Your CRM has years of sales data: thousands of opportunities, millions of activities, and hundreds of outcomes. But nobody's analyzing it because the data is messy. Win rates are calculated on inconsistent stage definitions. Activity data is incomplete. Firmographic data is missing from half the opportunities.
What We Analyze
- Win/loss patterns. We identify firmographic and behavioral patterns that distinguish won deals from lost ones so your team can focus on the best opportunities.
- Sales cycle analysis. We measure average sales cycle length by segment, deal size, and entry point to identify where deals stall and what accelerates them.
- Activity correlation. We correlate sales activities (calls, emails, meetings, demos) with outcomes to identify which activities most strongly predict close.
- Pipeline analysis. We analyze pipeline conversion rates by stage, segment, and rep to find bottlenecks and best practices.
- Rep performance analysis. We compare rep performance normalized for territory quality and deal distribution so performance differences reflect skill, not assignment.

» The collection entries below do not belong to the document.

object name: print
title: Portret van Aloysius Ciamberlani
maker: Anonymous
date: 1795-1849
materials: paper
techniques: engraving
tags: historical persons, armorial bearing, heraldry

Sales Analysis Deliverables
- Win/loss profiles showing which deal characteristics predict success and which predict failure
- Sales cycle benchmarks by segment so reps and managers know what 'normal' looks like
- Activity playbooks based on what winning reps actually do differently in data, not anecdote
- Pipeline health assessment identifying conversion bottlenecks and stage-specific drop-off points
Common Questions
How clean does our CRM data need to be before you can analyze it?
We can work with messy data — in fact, cleaning the data is often the first step of our analysis engagement. We'll flag quality issues during the audit and clean enough to make the analysis reliable. You don't need to have perfect data before starting. That said, the cleaner the data, the faster we get to insights.

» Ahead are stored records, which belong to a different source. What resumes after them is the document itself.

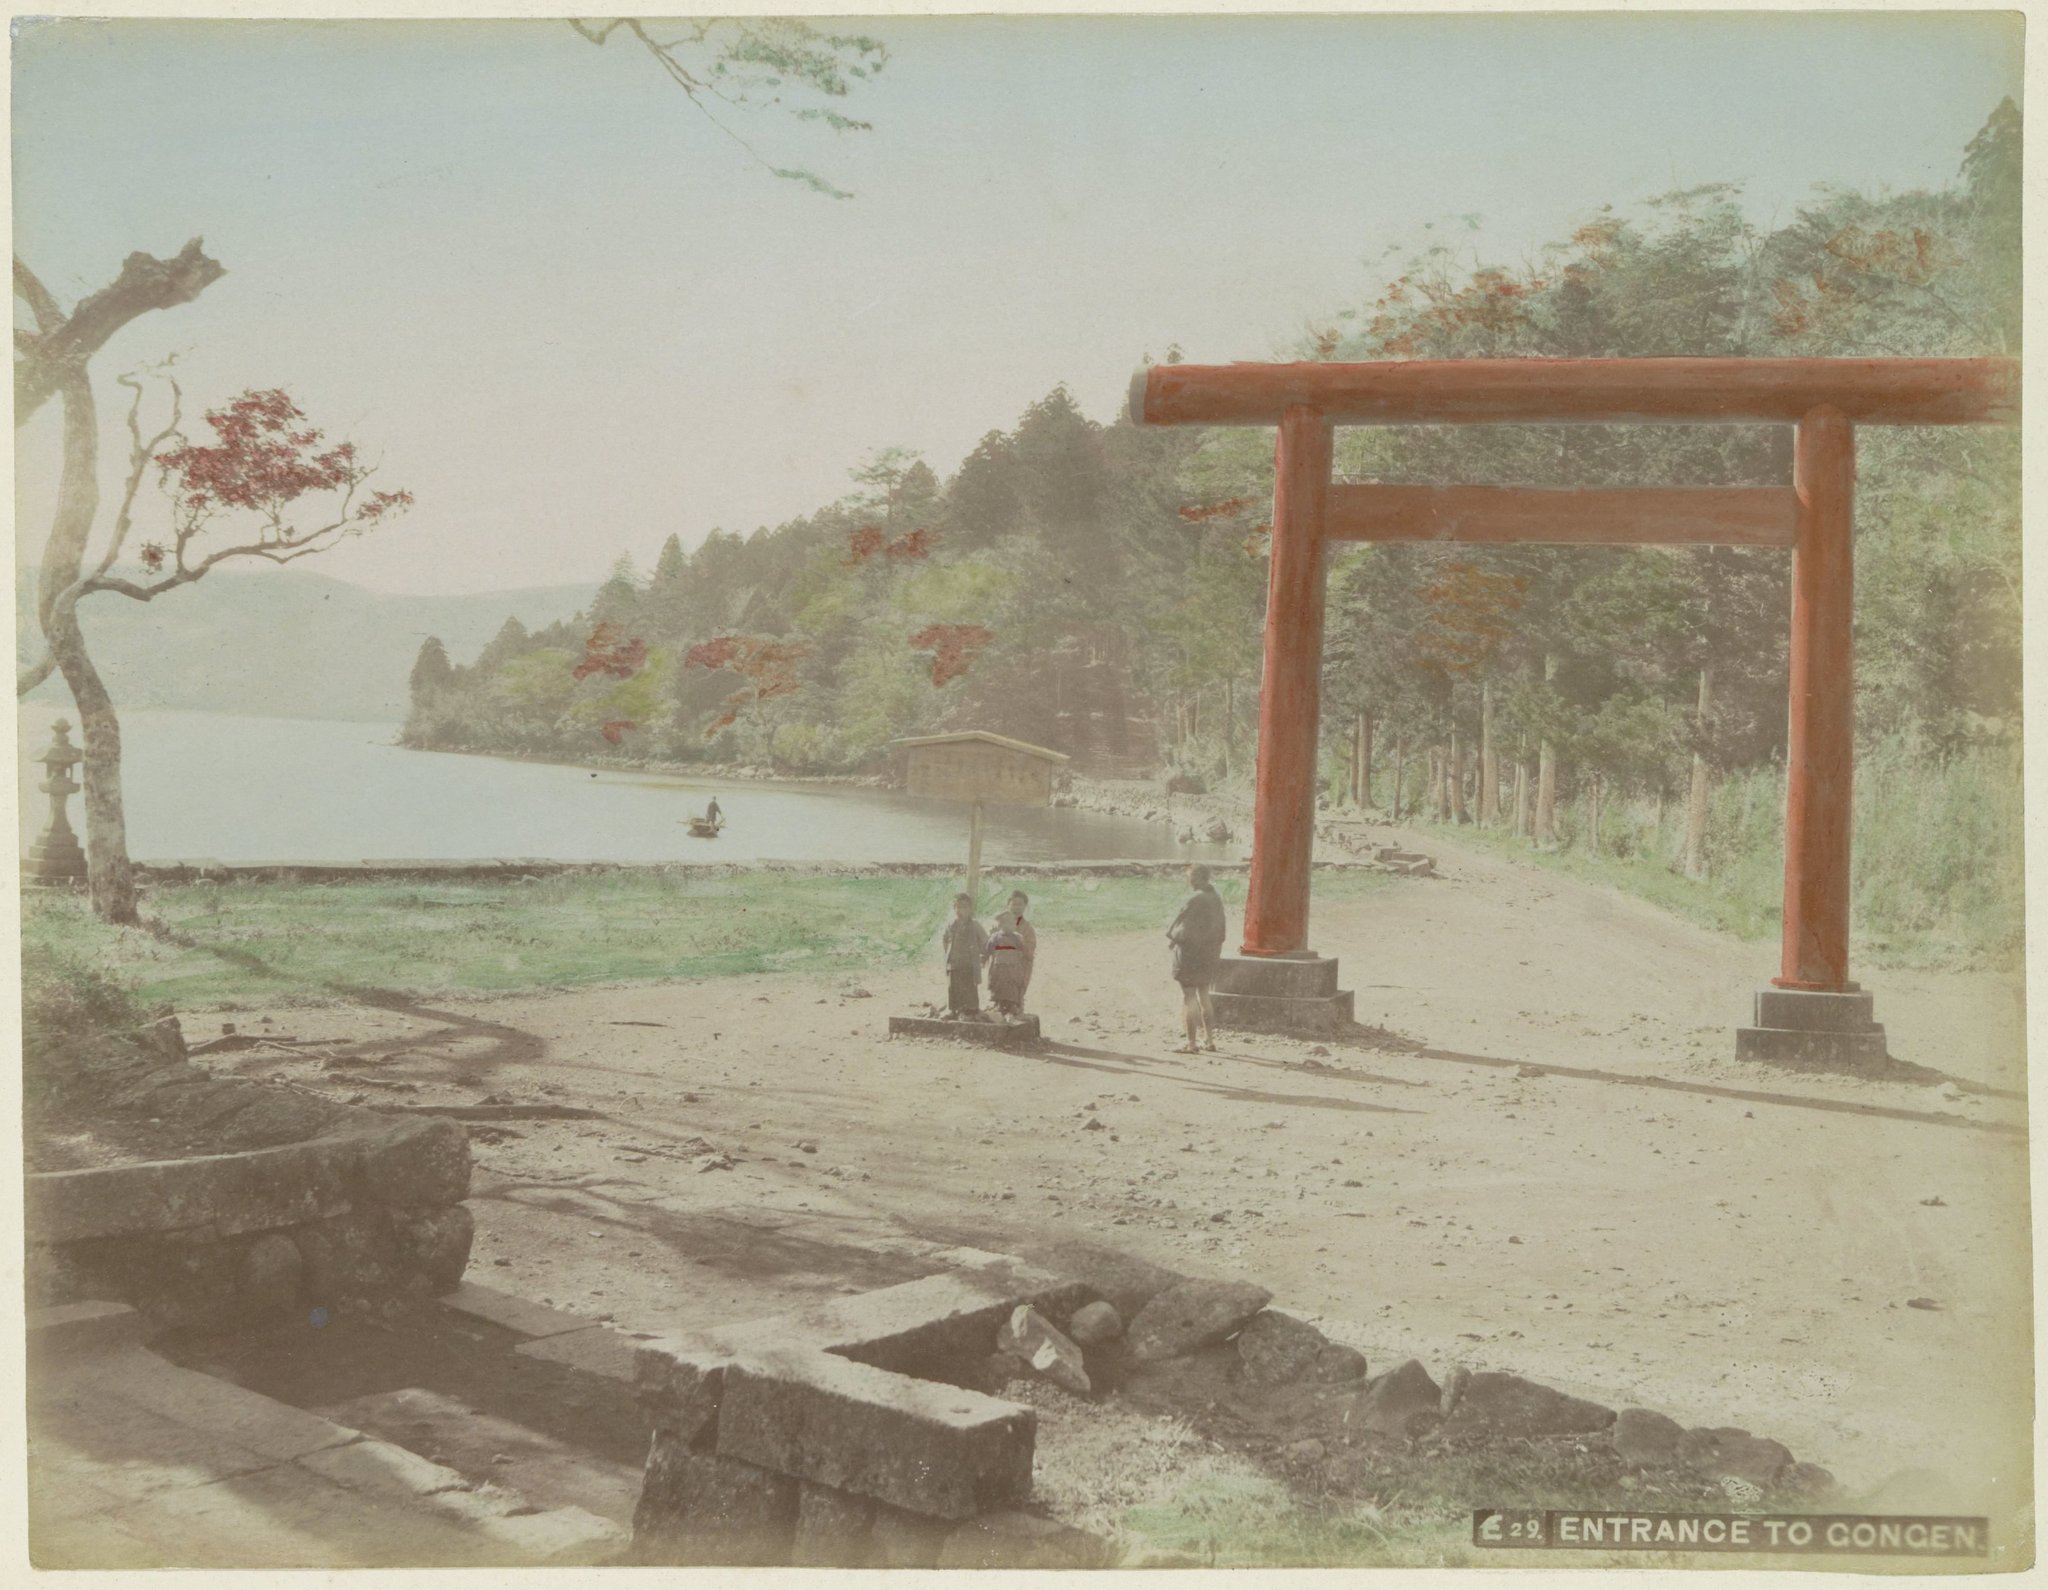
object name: photograph
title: Entrance to Gongen
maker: Anonymous
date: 1870-1900
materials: cardboard, paper, photographic support
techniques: albumen print
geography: hakone
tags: lake, gate, entrance
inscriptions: negative number: ‘E 29’
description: Onderdeel van Reisalbum met foto's van bezienswaardigheden in Japan.

Can you compare our sales performance to industry benchmarks?
We can compare your metrics to general B2B SaaS or industry benchmarks for common metrics like win rates, sales cycle length, and average deal size. These benchmarks are directional since every company's definition of 'stage 3' and 'qualified opportunity' is different. Internal trend analysis is usually more actionable than external benchmarks.
Do you make recommendations or just present data?
We present patterns and their implications. If the data shows that deals with 3+ stakeholder meetings close at 2x the rate of single-thread deals, we'll recommend multi-threading as a process change. The recommendations are grounded in your data, not generic sales advice.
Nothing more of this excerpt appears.